The authors evaluate various large language models on the GSM8K benchmark and its symbolic variants to assess reasoning reliability. The results indicate a consistent performance drop when models are tested on symbolic variations compared to the original GSM8K dataset, suggesting potential data contamination or reliance on pattern matching rather than formal reasoning. Furthermore, increasing question difficulty or adding irrelevant information leads to significant degradation in accuracy across all tested models. Models generally achieve higher accuracy on the standard GSM8K benchmark compared to the symbolic variations. Increasing question difficulty by adding clauses leads to lower performance scores compared to the base symbolic version. Adding seemingly relevant but inconsequential information results in the lowest performance scores across the board.

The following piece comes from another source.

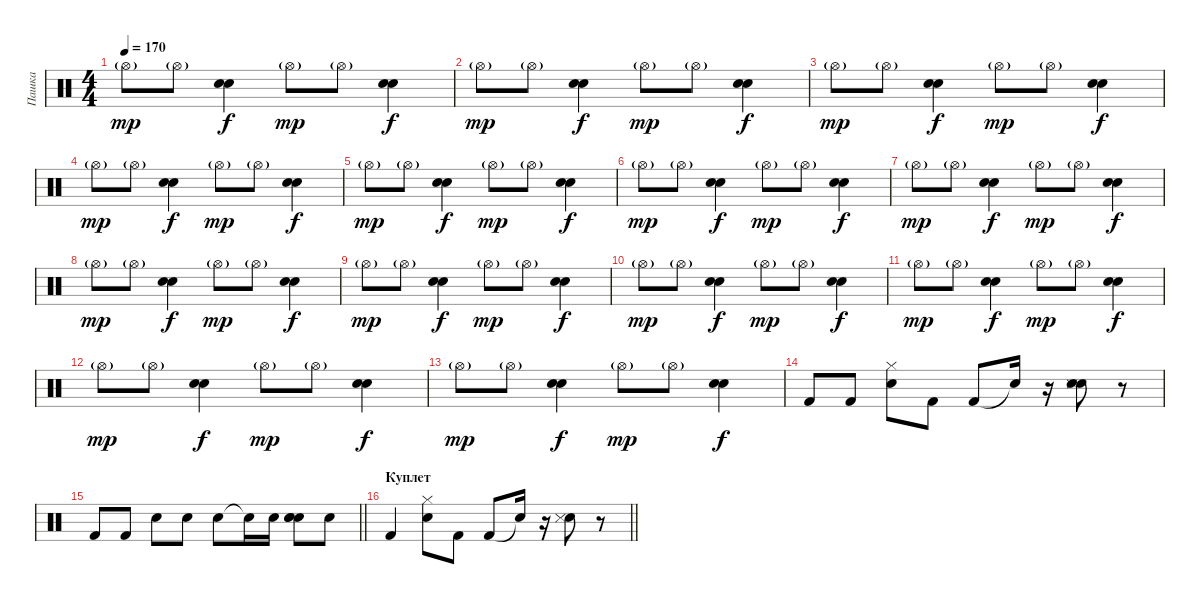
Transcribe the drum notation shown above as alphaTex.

The authors compare model performance across the original GSM8K benchmark and three modified variants designed to test reasoning robustness through symbolic changes and increased difficulty. The results indicate that the original GSM8K benchmark consistently achieves higher overall accuracy compared to the modified versions, suggesting that these variations introduce challenges that slightly reduce model performance. The original GSM8K benchmark demonstrates superior overall performance compared to the modified GSM-Symbolic and GSM-P variants. Increasing question difficulty through added clauses results in a measurable drop in accuracy, with GSM-P1 and GSM-P2 scoring lower than GSM-Symbolic. Models maintain high accuracy across the benchmarks, though the specific variant of the test has a noticeable impact on the final results.

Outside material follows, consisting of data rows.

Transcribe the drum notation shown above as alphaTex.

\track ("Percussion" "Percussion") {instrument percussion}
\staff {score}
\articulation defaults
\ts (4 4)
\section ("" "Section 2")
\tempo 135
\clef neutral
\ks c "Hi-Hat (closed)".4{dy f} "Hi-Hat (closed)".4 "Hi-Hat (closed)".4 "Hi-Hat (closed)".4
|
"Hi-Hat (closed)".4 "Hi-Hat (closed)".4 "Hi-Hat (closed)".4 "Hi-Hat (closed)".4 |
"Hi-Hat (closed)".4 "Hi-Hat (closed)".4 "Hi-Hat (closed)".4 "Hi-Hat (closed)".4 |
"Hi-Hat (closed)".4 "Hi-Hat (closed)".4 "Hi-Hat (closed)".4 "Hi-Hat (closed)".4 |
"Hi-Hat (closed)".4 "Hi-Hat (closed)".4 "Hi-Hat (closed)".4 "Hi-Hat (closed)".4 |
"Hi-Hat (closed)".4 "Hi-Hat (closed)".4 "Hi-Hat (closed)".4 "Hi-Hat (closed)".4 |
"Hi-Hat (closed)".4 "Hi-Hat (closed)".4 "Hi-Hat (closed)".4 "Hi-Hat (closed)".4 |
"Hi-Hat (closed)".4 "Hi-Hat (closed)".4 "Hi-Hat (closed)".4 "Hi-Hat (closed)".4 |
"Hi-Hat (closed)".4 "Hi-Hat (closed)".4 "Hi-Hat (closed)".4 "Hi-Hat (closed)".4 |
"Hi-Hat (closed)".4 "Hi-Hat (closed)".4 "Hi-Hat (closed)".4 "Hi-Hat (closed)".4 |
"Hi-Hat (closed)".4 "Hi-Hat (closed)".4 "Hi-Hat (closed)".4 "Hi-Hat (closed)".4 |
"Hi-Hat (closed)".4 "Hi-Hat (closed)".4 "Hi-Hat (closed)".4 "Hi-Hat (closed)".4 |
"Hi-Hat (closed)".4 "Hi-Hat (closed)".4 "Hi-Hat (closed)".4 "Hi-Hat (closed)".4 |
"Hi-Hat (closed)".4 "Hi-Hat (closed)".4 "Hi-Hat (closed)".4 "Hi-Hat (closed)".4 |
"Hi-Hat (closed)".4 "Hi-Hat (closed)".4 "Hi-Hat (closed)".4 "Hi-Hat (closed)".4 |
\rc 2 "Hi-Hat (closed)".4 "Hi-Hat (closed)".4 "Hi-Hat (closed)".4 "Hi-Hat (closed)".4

The authors evaluate large language models on the GSM8K benchmark and modified variants to assess reasoning reliability and robustness against symbolic changes. Results indicate a consistent performance drop on these variations compared to the original dataset, suggesting a potential reliance on pattern matching rather than formal reasoning. Furthermore, increasing question difficulty or adding irrelevant information leads to significant accuracy degradation across all tested models.